Records to process START

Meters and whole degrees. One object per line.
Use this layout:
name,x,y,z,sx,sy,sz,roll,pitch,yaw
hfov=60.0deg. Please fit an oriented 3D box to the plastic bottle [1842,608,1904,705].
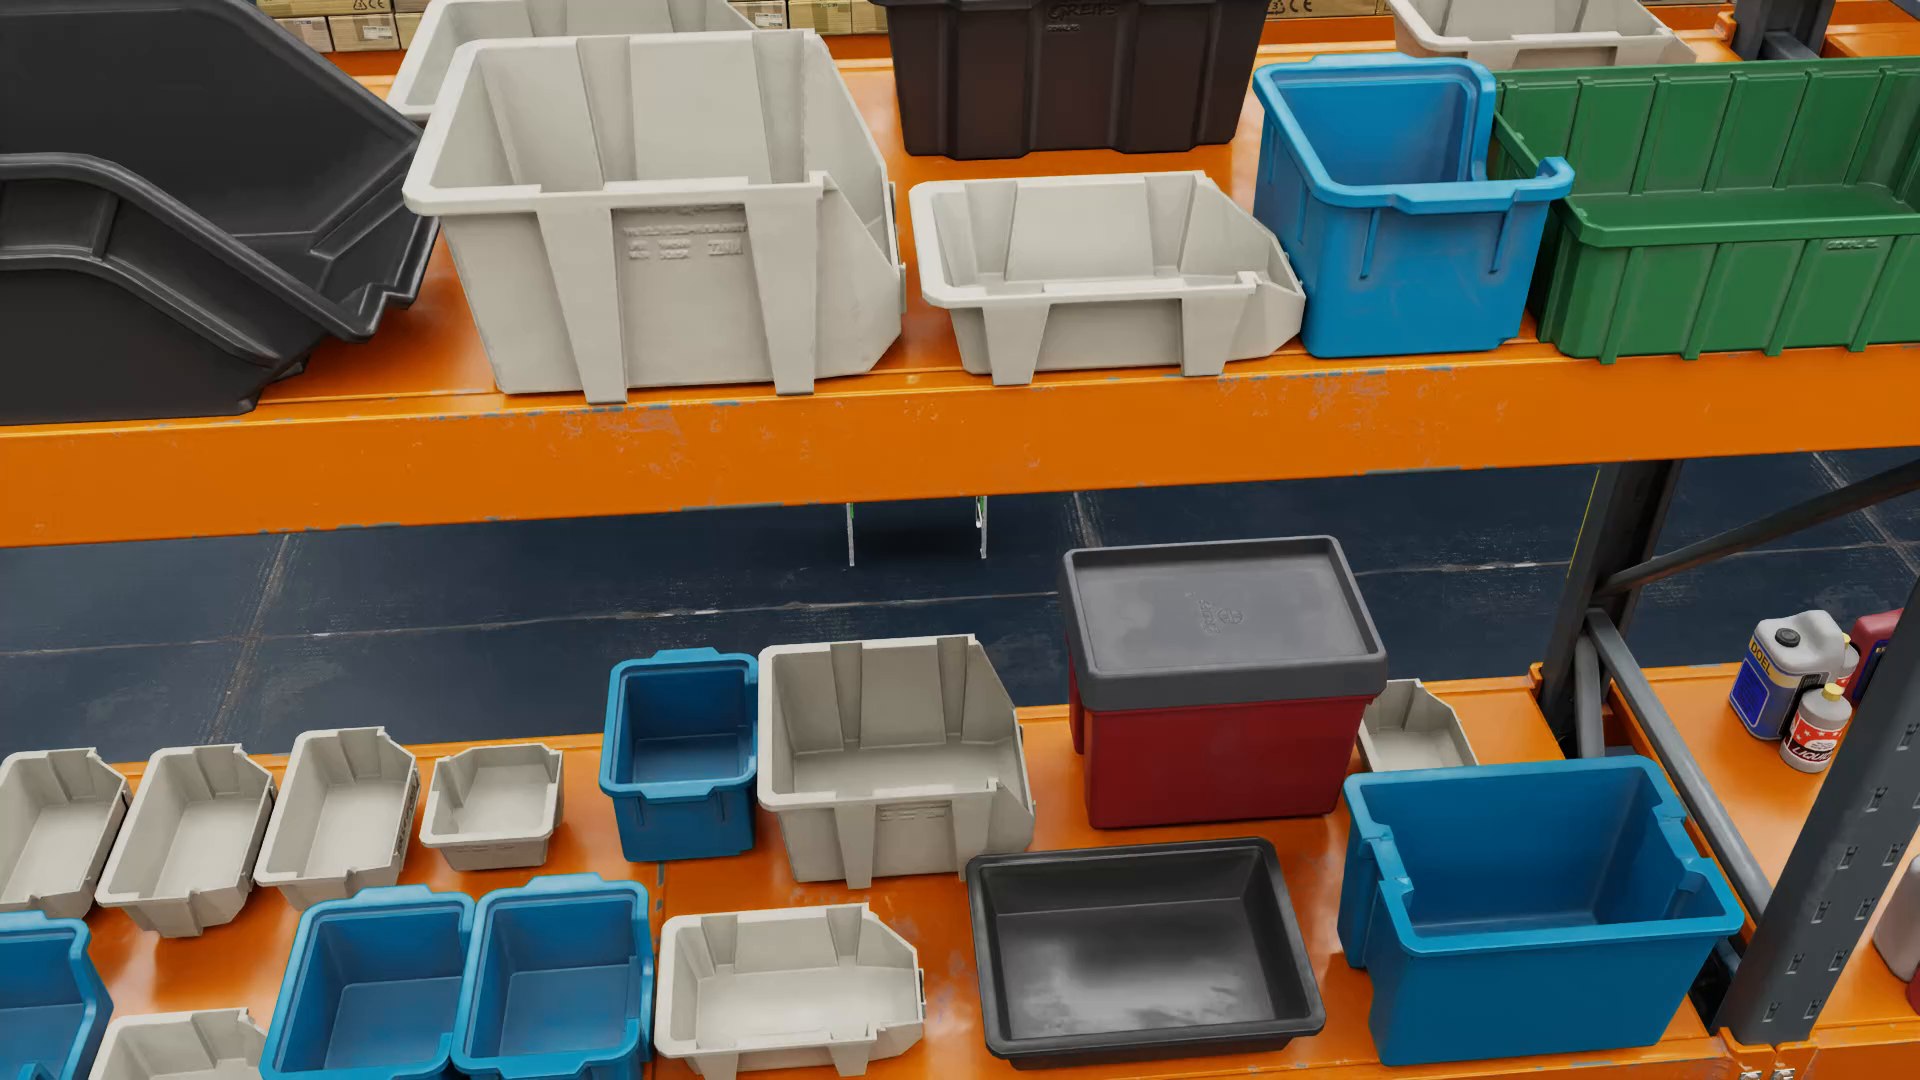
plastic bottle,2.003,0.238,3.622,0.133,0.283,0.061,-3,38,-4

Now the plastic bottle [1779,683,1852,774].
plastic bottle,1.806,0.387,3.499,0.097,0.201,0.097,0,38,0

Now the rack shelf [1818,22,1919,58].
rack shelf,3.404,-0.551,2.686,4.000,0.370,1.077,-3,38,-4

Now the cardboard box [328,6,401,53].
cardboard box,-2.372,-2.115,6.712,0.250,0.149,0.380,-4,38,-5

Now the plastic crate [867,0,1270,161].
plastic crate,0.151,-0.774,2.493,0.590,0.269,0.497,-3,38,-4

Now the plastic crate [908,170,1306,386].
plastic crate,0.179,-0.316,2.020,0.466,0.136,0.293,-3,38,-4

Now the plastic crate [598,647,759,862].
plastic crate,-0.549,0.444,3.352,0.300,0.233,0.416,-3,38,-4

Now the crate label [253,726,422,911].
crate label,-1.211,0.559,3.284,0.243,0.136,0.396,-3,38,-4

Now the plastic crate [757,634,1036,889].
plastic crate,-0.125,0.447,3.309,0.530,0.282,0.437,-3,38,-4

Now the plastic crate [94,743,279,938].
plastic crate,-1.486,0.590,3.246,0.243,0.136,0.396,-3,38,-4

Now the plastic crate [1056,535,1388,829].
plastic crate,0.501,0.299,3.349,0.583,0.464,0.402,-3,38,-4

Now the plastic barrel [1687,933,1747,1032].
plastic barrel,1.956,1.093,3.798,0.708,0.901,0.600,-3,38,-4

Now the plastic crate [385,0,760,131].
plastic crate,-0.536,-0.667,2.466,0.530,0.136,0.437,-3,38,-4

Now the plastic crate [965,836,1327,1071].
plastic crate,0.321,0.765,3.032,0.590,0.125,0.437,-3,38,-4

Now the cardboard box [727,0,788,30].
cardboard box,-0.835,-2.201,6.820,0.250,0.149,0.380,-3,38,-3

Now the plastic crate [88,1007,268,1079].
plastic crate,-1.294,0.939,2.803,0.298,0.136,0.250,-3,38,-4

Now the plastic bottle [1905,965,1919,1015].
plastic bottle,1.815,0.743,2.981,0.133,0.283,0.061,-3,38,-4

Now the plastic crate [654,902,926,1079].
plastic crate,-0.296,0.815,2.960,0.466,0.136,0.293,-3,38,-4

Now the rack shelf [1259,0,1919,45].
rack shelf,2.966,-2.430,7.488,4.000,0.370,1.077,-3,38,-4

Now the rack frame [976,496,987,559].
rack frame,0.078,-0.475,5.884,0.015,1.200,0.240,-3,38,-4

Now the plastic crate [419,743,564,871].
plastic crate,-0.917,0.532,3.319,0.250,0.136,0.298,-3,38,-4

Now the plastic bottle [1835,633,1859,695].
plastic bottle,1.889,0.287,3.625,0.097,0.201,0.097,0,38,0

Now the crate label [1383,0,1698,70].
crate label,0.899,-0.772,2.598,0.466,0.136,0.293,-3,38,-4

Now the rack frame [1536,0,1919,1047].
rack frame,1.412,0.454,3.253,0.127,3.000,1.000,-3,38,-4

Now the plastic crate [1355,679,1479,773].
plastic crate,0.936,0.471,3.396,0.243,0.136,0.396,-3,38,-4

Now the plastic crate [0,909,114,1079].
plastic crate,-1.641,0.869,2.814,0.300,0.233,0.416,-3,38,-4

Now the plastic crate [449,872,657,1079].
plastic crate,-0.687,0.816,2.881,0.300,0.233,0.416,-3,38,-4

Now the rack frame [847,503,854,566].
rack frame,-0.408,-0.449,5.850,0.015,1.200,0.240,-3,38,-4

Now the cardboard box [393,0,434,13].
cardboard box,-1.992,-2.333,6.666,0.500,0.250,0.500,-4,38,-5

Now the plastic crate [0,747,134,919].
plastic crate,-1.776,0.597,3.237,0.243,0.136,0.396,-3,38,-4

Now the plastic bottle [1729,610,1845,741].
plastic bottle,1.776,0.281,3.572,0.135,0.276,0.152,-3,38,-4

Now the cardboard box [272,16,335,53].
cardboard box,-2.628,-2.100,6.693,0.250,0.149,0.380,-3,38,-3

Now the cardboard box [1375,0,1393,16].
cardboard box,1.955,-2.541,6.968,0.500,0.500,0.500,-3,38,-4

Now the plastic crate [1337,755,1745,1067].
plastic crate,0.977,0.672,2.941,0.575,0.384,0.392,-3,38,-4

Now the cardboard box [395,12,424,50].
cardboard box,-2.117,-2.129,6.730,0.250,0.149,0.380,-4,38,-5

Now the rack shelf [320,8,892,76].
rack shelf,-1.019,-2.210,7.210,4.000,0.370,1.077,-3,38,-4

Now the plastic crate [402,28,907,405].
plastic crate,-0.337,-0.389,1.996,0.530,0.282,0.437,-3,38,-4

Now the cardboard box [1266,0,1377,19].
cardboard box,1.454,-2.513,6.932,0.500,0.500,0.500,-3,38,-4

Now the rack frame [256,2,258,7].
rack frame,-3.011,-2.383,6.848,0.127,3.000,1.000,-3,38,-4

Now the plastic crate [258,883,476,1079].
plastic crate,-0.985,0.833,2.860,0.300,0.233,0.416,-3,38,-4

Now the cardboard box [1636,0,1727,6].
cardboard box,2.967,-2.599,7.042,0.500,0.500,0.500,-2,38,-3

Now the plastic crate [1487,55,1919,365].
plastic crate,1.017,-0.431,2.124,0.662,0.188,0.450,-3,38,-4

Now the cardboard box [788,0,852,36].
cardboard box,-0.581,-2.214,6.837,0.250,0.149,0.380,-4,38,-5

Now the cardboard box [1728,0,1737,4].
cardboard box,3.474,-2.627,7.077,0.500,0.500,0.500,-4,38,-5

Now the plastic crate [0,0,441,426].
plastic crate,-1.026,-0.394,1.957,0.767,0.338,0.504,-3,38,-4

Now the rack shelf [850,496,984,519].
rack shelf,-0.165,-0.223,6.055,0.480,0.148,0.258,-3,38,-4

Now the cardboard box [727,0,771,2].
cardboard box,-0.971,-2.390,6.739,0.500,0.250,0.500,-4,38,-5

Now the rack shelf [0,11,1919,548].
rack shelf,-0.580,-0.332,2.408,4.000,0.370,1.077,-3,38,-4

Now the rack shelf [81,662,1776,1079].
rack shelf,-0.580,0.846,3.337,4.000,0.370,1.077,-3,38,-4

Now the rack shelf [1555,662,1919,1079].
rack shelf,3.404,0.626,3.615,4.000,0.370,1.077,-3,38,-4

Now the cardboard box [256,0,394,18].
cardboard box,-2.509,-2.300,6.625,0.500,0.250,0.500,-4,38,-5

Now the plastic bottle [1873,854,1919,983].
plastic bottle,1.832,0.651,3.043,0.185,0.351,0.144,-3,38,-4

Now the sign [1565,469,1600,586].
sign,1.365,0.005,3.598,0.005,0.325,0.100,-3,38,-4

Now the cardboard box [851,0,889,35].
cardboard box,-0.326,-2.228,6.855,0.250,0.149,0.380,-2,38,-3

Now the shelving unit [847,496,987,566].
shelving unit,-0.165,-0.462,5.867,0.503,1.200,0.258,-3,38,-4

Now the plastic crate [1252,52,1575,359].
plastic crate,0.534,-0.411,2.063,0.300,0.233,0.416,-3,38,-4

Records to process END
Records to process START

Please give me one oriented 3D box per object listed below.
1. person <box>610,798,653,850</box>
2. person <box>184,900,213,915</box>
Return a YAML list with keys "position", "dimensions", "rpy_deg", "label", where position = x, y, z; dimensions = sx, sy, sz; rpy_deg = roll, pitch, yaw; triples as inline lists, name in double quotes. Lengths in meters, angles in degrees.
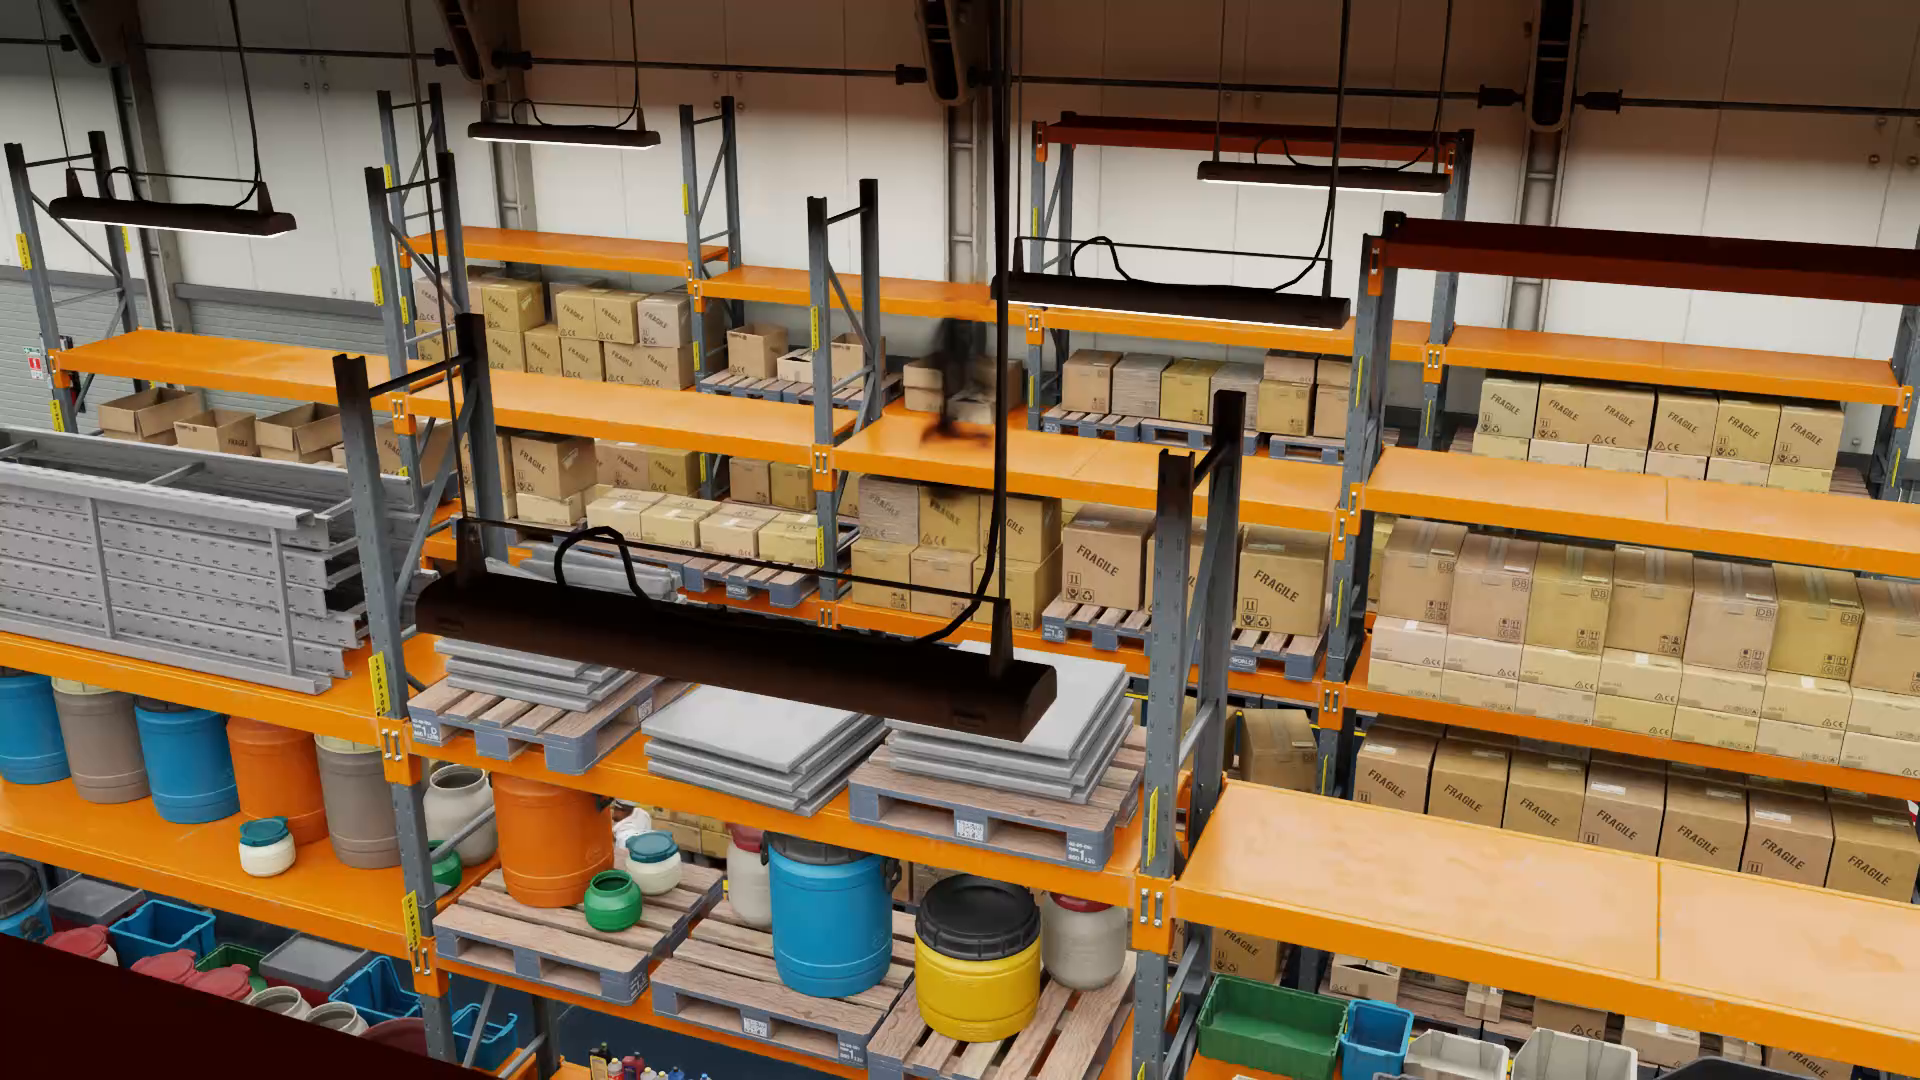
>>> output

Records to process END

When the entries above show the word "object" in a line, copy that line out.

## Your response
Meters and whole degrees. One object per line.
Please give me one oriented 3D box per object listed below.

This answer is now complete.